A memory zone with a size of data-size + dict-size will be created.

Except for temporary data created and destroyed within a request, all cache related data including HTTP response data, keys and overheads are stored in this memory zone and shared between all processes. If no more memory can be allocated from this memory zone, new requests that should be cached according to defined rules will not be cached unless some memory is freed. Temporary data are stored in a memory pool which allocates memory dynamically from system in case there is no available memory in the pool. A global internal counter monitors the memory usage of all HTTP response data across all processes, new requests will not be cached if the counter exceeds data-size.

data-size

Determines the size of the memory zone along with dict-size.
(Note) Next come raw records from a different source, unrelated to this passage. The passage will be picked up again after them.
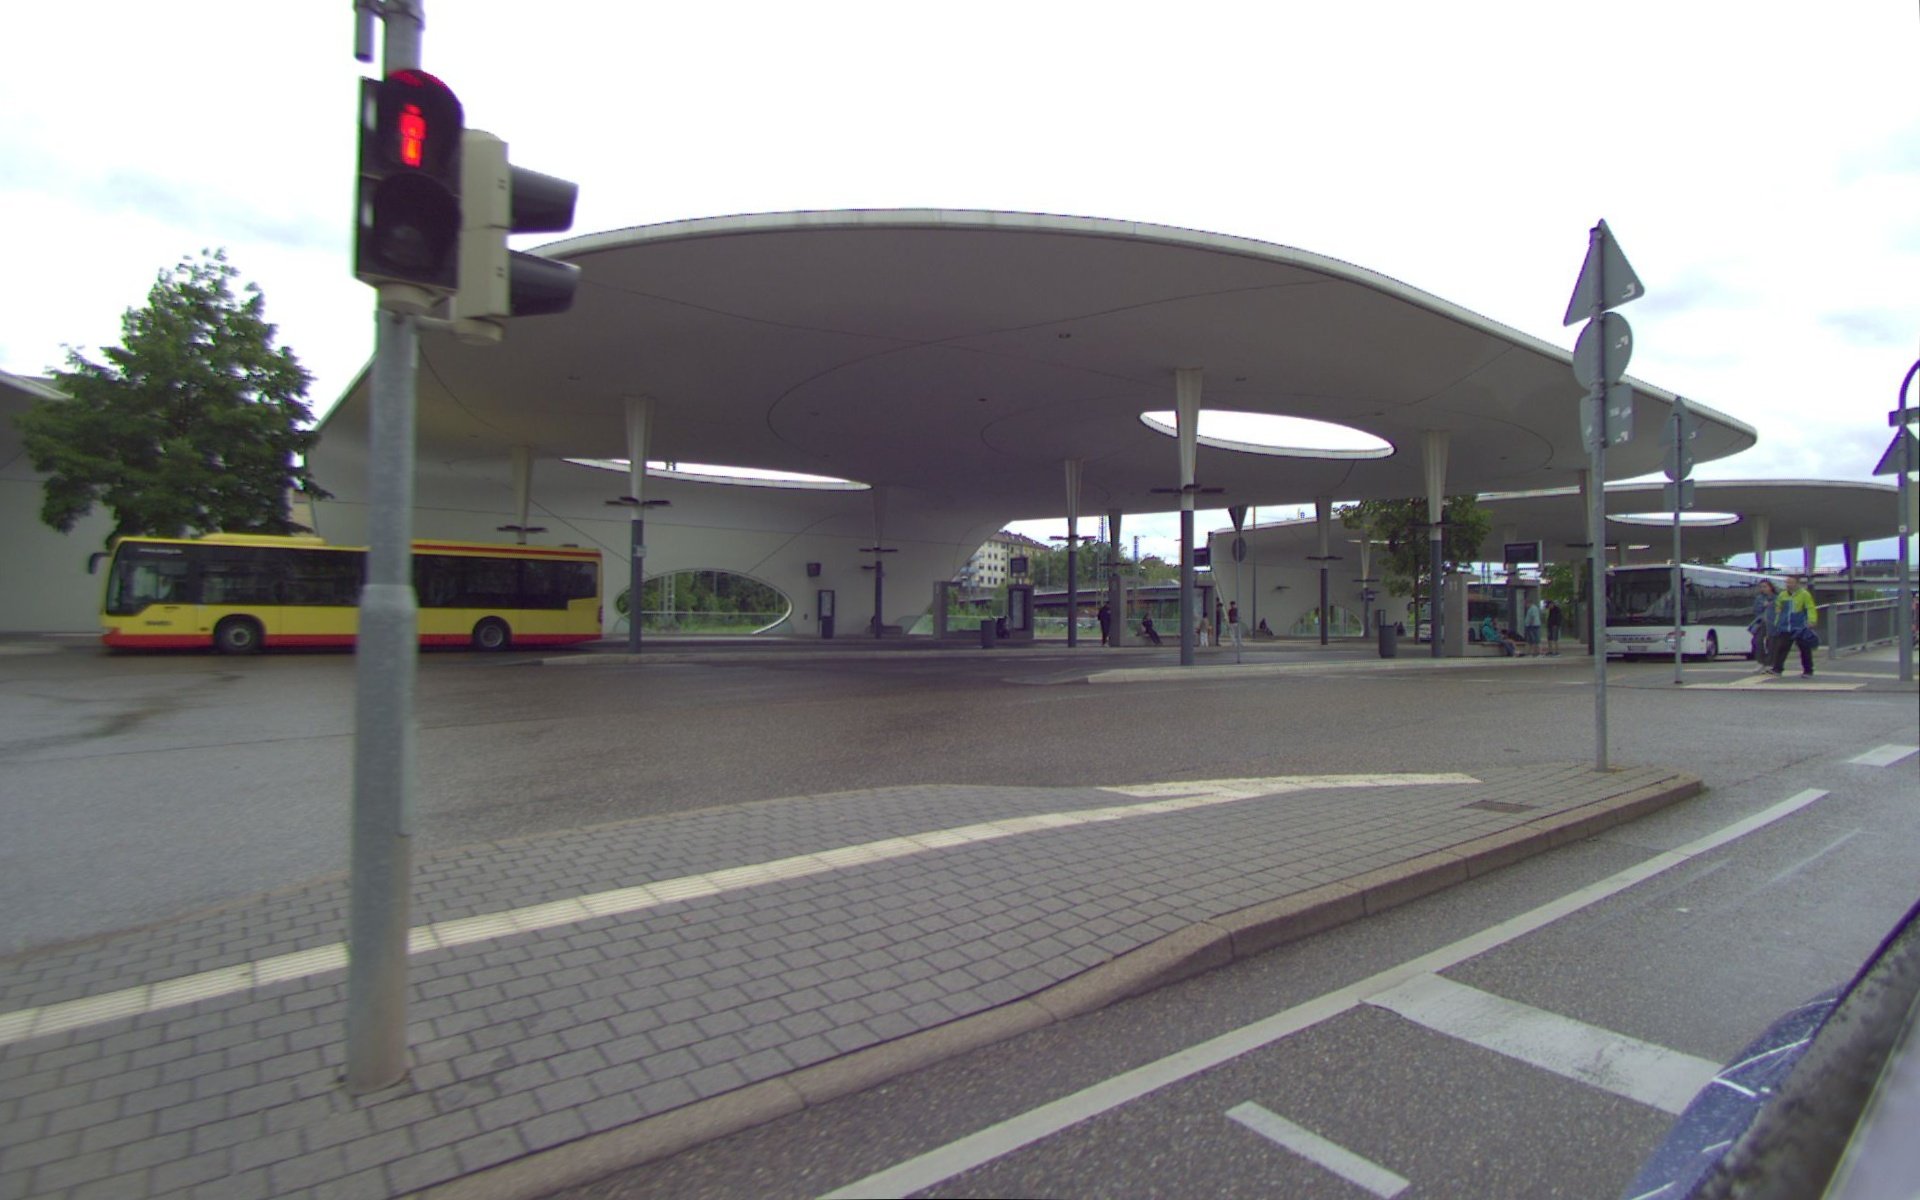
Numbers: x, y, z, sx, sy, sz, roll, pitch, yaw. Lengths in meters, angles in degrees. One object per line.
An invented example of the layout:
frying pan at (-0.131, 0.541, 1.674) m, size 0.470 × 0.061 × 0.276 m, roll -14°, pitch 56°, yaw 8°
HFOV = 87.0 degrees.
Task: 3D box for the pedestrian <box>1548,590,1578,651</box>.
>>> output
pedestrian at (19.639, 0.653, 32.979) m, size 0.640 × 1.928 × 0.583 m, roll 3°, pitch 0°, yaw 18°

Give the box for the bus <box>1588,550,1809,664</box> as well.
bus at (25.832, 0.232, 35.017) m, size 12.196 × 3.404 × 2.852 m, roll 0°, pitch 0°, yaw -37°

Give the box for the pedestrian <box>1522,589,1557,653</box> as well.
pedestrian at (17.908, 0.647, 31.286) m, size 0.635 × 1.910 × 0.587 m, roll 3°, pitch 0°, yaw -27°

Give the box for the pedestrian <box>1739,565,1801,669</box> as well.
pedestrian at (13.700, 0.287, 17.119) m, size 0.570 × 1.691 × 0.590 m, roll -4°, pitch 0°, yaw -37°

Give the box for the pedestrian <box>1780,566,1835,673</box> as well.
pedestrian at (13.788, 0.308, 16.466) m, size 0.570 × 1.691 × 0.524 m, roll -2°, pitch 0°, yaw -37°

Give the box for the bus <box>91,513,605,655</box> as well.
bus at (-16.382, -0.360, 28.354) m, size 11.921 × 3.299 × 2.795 m, roll 0°, pitch 0°, yaw -39°

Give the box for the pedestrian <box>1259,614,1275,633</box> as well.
pedestrian at (22.644, 1.735, 74.713) m, size 0.698 × 1.341 × 0.801 m, roll -3°, pitch -2°, yaw -32°

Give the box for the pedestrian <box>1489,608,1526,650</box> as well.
pedestrian at (17.406, 0.925, 32.174) m, size 0.945 × 1.271 × 0.642 m, roll 3°, pitch 0°, yaw 30°

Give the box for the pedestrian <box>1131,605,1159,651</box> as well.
pedestrian at (6.765, 1.013, 36.992) m, size 0.666 × 1.610 × 0.589 m, roll -3°, pitch -2°, yaw -41°

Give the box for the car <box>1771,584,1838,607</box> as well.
car at (82.640, -0.440, 99.051) m, size 2.077 × 1.993 × 4.678 m, roll 0°, pitch -2°, yaw -40°

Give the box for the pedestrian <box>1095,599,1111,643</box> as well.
pedestrian at (5.092, 0.741, 35.989) m, size 0.513 × 1.521 × 0.380 m, roll 0°, pitch -1°, yaw 14°

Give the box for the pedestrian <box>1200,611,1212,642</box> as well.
pedestrian at (9.234, 0.982, 38.010) m, size 0.357 × 1.159 × 0.395 m, roll 1°, pitch 0°, yaw 5°

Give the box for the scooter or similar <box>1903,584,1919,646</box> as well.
scooter or similar at (19.693, 0.302, 20.587) m, size 1.825 × 1.236 × 0.465 m, roll 0°, pitch 0°, yaw -38°

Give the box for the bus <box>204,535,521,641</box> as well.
bus at (-21.441, -0.367, 36.846) m, size 9.677 × 3.442 × 2.521 m, roll 1°, pitch 0°, yaw -39°

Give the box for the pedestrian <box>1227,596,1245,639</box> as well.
pedestrian at (10.971, 0.702, 40.225) m, size 0.633 × 1.675 × 0.637 m, roll 1°, pitch 0°, yaw 13°

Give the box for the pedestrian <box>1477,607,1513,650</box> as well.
pedestrian at (16.783, 0.886, 31.747) m, size 0.945 × 1.271 × 0.642 m, roll 3°, pitch 0°, yaw 30°

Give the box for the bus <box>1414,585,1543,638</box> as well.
bus at (34.627, 0.750, 67.287) m, size 11.916 × 3.299 × 2.796 m, roll 0°, pitch 0°, yaw -37°

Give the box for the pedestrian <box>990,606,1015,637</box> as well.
pedestrian at (1.879, 0.959, 45.115) m, size 0.785 × 1.341 × 0.712 m, roll -3°, pitch -2°, yaw -29°

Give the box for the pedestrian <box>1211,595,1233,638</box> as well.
pedestrian at (10.267, 0.649, 39.669) m, size 0.546 × 1.675 × 0.571 m, roll 1°, pitch 0°, yaw -31°

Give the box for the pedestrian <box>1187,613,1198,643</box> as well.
pedestrian at (8.752, 1.057, 38.082) m, size 0.346 × 1.094 × 0.392 m, roll 1°, pitch 0°, yaw 4°

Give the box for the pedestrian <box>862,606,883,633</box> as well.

It accepts units like m, M, g and G. By default, the size is 1024 * 1024 bytes, which is also the minimal size.

dict-size

Determines the size of memory used by the hash table.

It accepts units like m, M, g and G. By default, the size is 1024 * 1024 bytes, which is also the minimal size.

Note that it only decides the memory used by hash table buckets, not keys. In fact, keys are stored in the memory zone which is limited by data-size.

dict-size(number of buckets) is different from number of keys. New keys can still be added to the hash table even if the number of keys exceeds dict-size(number of buckets) as long as there is enough memory.

Nevertheless, it may lead to a potential performance drop if number of keys is greater than dict-size(number of buckets). An approximate number of keys multiplied by 8 (normally) as dict-size should be fine. Basically, the bigger the better.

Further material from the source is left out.